As he drove home, Jim kept thinking about that tapping sound along the sidewalk. It reminded him of something, but he couldn’t think what. But when he stopped for a red light at the intersection of Venice and Palm, he saw a specialist pet store on the opposite side of the street called Strictly For The Birds. In the window, in a huge domed cage, sat a large red and green parrot, the kind of parrot that Long John Silver might have carried on his shoulder.
Long John Silver, from Treasure Island. And who was the terrifying character in the opening chapters of Treasure Island who had tapped his way down the road to the Admiral Benbow Inn? Blind Pew.
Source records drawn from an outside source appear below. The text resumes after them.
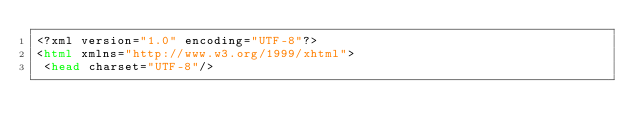Convert code to text. <code><loc_0><loc_0><loc_500><loc_500><_HTML_><?xml version="1.0" encoding="UTF-8"?>
<html xmlns="http://www.w3.org/1999/xhtml">
 <head charset="UTF-8"/></code> 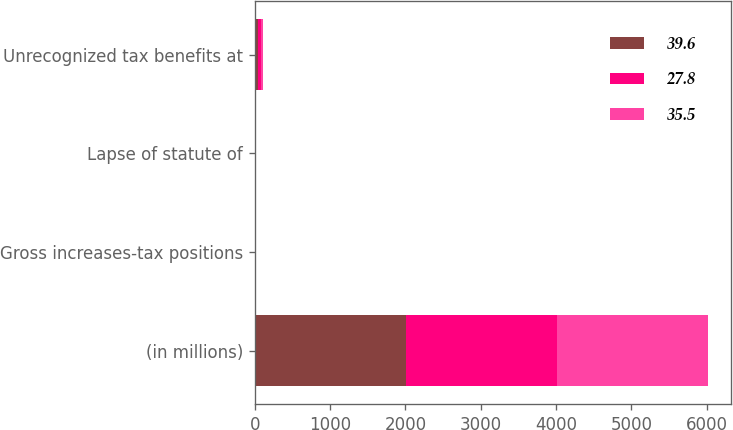Convert chart to OTSL. <chart><loc_0><loc_0><loc_500><loc_500><stacked_bar_chart><ecel><fcel>(in millions)<fcel>Gross increases-tax positions<fcel>Lapse of statute of<fcel>Unrecognized tax benefits at<nl><fcel>39.6<fcel>2009<fcel>10.1<fcel>0.2<fcel>39.6<nl><fcel>27.8<fcel>2008<fcel>0.5<fcel>0.1<fcel>35.5<nl><fcel>35.5<fcel>2007<fcel>2.1<fcel>0.1<fcel>27.8<nl></chart> 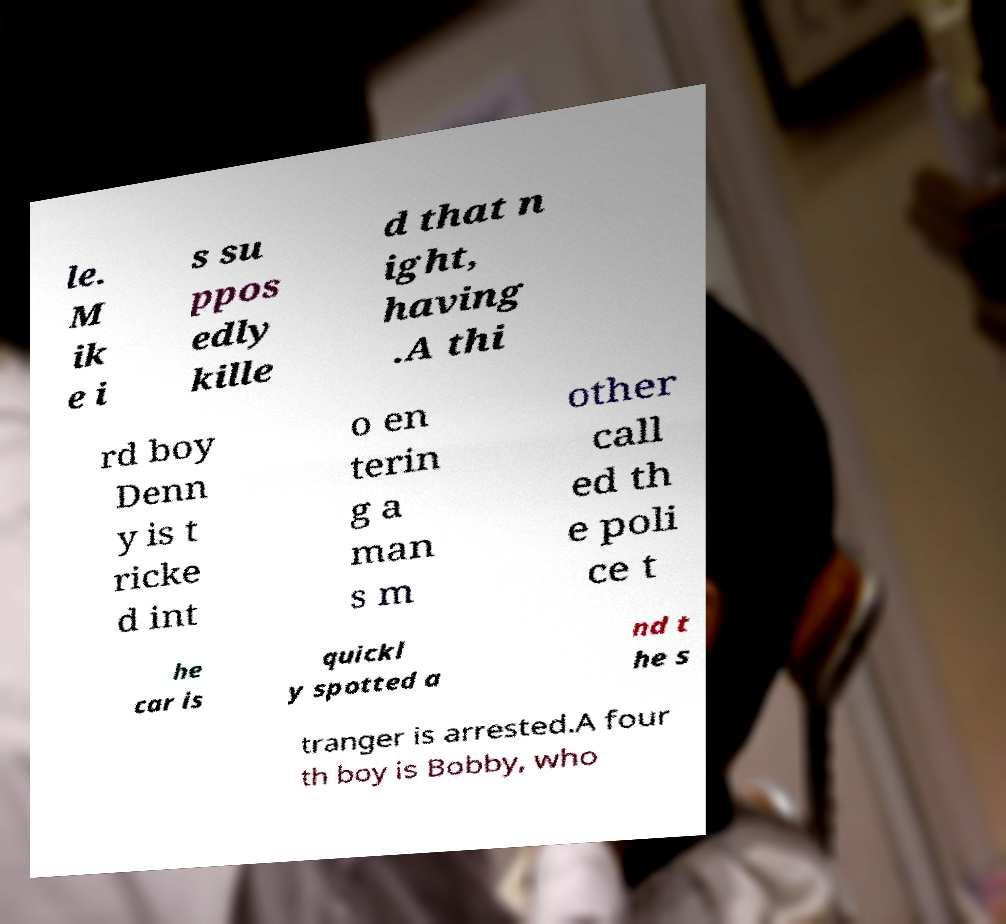Please identify and transcribe the text found in this image. le. M ik e i s su ppos edly kille d that n ight, having .A thi rd boy Denn y is t ricke d int o en terin g a man s m other call ed th e poli ce t he car is quickl y spotted a nd t he s tranger is arrested.A four th boy is Bobby, who 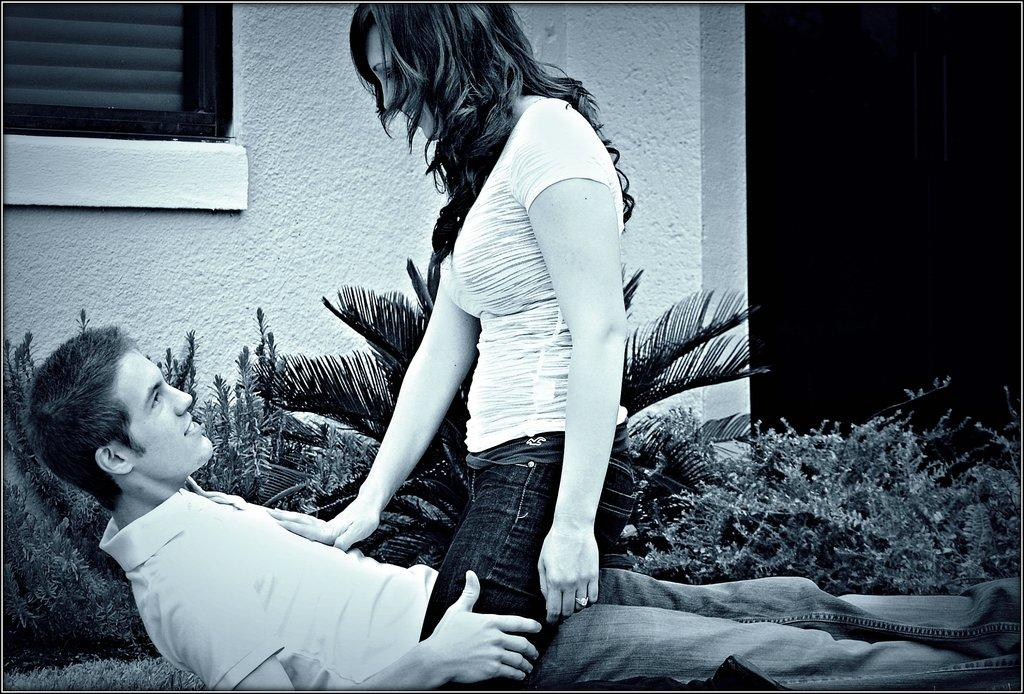What is the man in the image doing? The man is lying down in the image. What is the man wearing in the image? The man is wearing a t-shirt. What is the girl in the image doing? The girl is standing in the image. What is the girl wearing in the image? The girl is wearing a t-shirt. What type of vegetation can be seen in the image? There are plants visible in the image. What is the background of the image made of? There is a wall in the image. What type of bell can be heard ringing in the image? There is no bell present or ringing in the image. Can you provide an example of the girl's behavior in the image? The image does not show any specific behavior of the girl, only her standing position.

That was the tap-slur-tap that he had heard. The tapping of a blind man’s stick, feeling his way. A blind man, or a sightless spirit. Why else would it have frozen the washroom, unless it had been obliged to rely on its sense of touch or smell to tell it that Jack was there? Except that he hadn’t been there, of course – only his sweatshirt. And why else would it have frozen Ray Krueger, unless it had believed – mistakenly – that it was freezing Jack?
The lights changed to green and the car behind him blasted its horn. Jim gave the driver a wave of apology and took a left turn toward home.
There was one thing more that worried him: if the spirit had come to Jack’s apartment block, looking for him, then it knew that it had frozen the wrong person. That meant that Jack was still in danger, and so were any other students at West Grove Community College who happened to get in its way.